Instantly a soft tap at the door heralded
the entrance of a person whom Philip at the first
glance supposed to be a sandwich man. But the
second glance showed that the oblong flat things which
he wore were not sandwich-boards, but dominoes.
The person between them bowed low.
‘Oh!’ said Philip, ‘I rang for the
valet.’
‘I am not the valet,’
said the domino-enclosed person, who seemed to be
in skintight black clothes under his dominoes, ’I
am the Master of the Robes. I only attend on
really distinguished persons. Double-six, at
your service, Sir. Have you chosen your dress?’
‘I’d like to wear the
armour,’ said Philip, holding it out. ’It
seems the right thing for a Knight,’ he added.
‘Quite so, sir. I confirm your opinion.’
He proceeded to dress Philip in a
white tunic and to fasten the coat of mail over this.
‘I’ve had a great deal of experience,’
he said; ’you couldn’t have chosen better.
You see, I’m master of the subject of dress.
I am able to give my whole mind to it; my own dress
being fixed by law and not subject to changes of fashion
leaves me free to think for others. And I think
deeply. But I see that you can think for yourself.’

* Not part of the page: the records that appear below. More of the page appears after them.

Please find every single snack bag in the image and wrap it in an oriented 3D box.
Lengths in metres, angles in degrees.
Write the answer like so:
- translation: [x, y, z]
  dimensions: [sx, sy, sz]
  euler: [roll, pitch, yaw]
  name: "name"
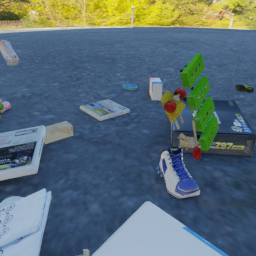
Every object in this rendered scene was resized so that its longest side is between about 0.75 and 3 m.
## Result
- translation: [-2.008, 1.807, 4.209]
  dimensions: [1.669, 0.190, 1.770]
  euler: [-24, 28, 5]
  name: "snack bag"

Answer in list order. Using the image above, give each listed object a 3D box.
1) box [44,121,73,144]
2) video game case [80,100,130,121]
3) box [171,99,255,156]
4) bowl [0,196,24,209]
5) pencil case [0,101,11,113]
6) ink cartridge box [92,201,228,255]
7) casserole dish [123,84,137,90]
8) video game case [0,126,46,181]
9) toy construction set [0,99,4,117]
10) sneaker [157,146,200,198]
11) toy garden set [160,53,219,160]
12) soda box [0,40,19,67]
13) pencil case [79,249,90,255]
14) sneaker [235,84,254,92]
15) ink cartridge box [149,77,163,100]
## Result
- translation: [-2.180, 0.128, 8.483]
  dimensions: [0.936, 0.364, 0.444]
  euler: [-19, 33, -36]
  name: "box"
- translation: [-0.892, -0.705, 10.575]
  dimensions: [1.323, 0.160, 1.453]
  euler: [-17, 30, -34]
  name: "video game case"
- translation: [2.428, -0.150, 8.671]
  dimensions: [2.194, 0.710, 2.782]
  euler: [2, 25, 8]
  name: "box"
- translation: [-2.166, 1.571, 5.297]
  dimensions: [0.868, 0.390, 0.868]
  euler: [-1, 24, 0]
  name: "bowl"
- translation: [-4.742, -0.759, 10.482]
  dimensions: [0.339, 0.339, 0.775]
  euler: [5, 24, 12]
  name: "pencil case"
- translation: [0.404, 1.959, 2.968]
  dimensions: [1.134, 1.811, 1.164]
  euler: [-38, 41, -27]
  name: "ink cartridge box"
- translation: [0.093, -1.929, 13.282]
  dimensions: [0.762, 0.148, 0.462]
  euler: [14, 28, 29]
  name: "casserole dish"
- translation: [-3.304, 0.684, 6.987]
  dimensions: [2.295, 0.268, 2.087]
  euler: [-11, 27, -5]
  name: "video game case"
- translation: [-5.088, -1.075, 9.033]
  dimensions: [1.997, 2.395, 1.840]
  euler: [25, 29, 28]
  name: "toy construction set"
- translation: [1.047, 0.880, 6.293]
  dimensions: [0.571, 0.816, 1.413]
  euler: [-9, 26, -16]
  name: "sneaker"
- translation: [1.252, -0.283, 5.631]
  dimensions: [0.375, 1.878, 1.565]
  euler: [2, 38, 37]
  name: "toy garden set"
- translation: [-3.493, -2.191, 8.186]
  dimensions: [0.259, 0.278, 0.814]
  euler: [-4, 56, -54]
  name: "soda box"
- translation: [-1.078, 2.217, 3.484]
  dimensions: [1.616, 0.629, 0.723]
  euler: [-17, 74, -33]
  name: "pencil case"
- translation: [5.384, -1.837, 12.962]
  dimensions: [0.816, 0.319, 0.348]
  euler: [18, 21, 15]
  name: "sneaker"
- translation: [1.185, -1.744, 12.138]
  dimensions: [0.434, 0.750, 1.292]
  euler: [-1, 24, -2]
  name: "ink cartridge box"

You have no idea how jolly Philip
looked in the mail coat and mailed hood just
like a Crusader.
At the doorway of the dressing-room
he met Lucy in a short white dress and a coronal of
pearls round her head. ‘I always wanted
to be a fairy,’ she said.
‘Did you have any one to dress you?’ he
asked.
‘Oh no!’ said Lucy calmly. ‘I
always dress myself.’
‘Ladies have the advantage there,’
said Double-six, bowing and walking backwards.
‘The banquet is spread.’
It turned out to be spread on three
tables, one along each side of a great room, and one
across the top of the room, on a dais such
a table as that high one at which dons and distinguished
strangers sit in the Halls of colleges.
Mr. Noah was already in his place
in the middle of the high table, and Lucy and Philip
now took their places at each side of him. The
table was spread with all sorts of nice-looking foods
and plates of a pink-and-white pattern very familiar
to Philip. They were, in fact, as he soon realised,
the painted wooden plates from his sister’s old
dolls’ house. There was no food just in
front of the children, only a great empty bowl of
silver.
Philip fingered his knife and fork;
the pattern of those also was familiar to him.
They were indeed the little leaden ones out of the
dolls’ house knife-basket of green and silver
filagree. He hungrily waited. Servants in
straight yellow dresses and red masks and caps were
beginning to handle the dishes. A dish was handed
to him. A beautiful jelly it looked like.
He took up his spoon and was just about to help himself,
when Mr. Noah whispered ardently, ‘Don’t!’
and as Philip looked at him in astonishment he added,
still in a whisper, ’Pretend, can’t you?
Have you never had a pretending banquet?’ But
before he had caught the whisper, Philip had tried
to press the edge of the leaden spoon into the shape
of jelly. And he felt that the jelly was quite
hard. He went through the form of helping himself,
but it was just nothing that he put on his plate.
And he saw that Mr. Noah and Lucy and all the other
guests did the same. Presently another dish was
handed to him. There was no changing of plates.
‘They needn’t,’ Philip thought
bitterly. This time it was a fat goose, not carved,
and now Philip saw that it was attached to its dish
with glue. Then he understood.
(You know the beautiful but uneatable
feasts which are given you in a white cardboard box
with blue binding and fine shavings to pack the dishes
and keep them from breaking? I myself, when I
was little, had such a banquet in a box. There
were twelve dishes: a ham, brown and shapely;
a pair of roast chickens, also brown and more anatomical
than the ham; a glazed tongue, real tongue-shape,
none of your tinned round mysteries; a dish of sausages;
two handsome fish, a little blue, perhaps; a joint
of beef, ribs I think, very red as to the lean and
very white in the fat parts; a pork pie, delicately
bronzed like a traveller in Central Africa. For
sweets I had shapes, shapes of beauty, a jelly and
a cream; a Swiss roll too, and a plum pudding; asparagus
there was also and a cauliflower, and a dish of the
greenest peas in all this grey world. This was
my banquet outfit. I remember that the woodenness
of it all depressed us wonderfully; the oneness of
dish and food baffled all make-believe. With
the point of nurse’s scissors we prised
the viands from the platters. But their wooden
nature was unconquerable. One could not pretend
to eat a whole chicken any better when it was detached
from its dish, and the sausages were one solid block.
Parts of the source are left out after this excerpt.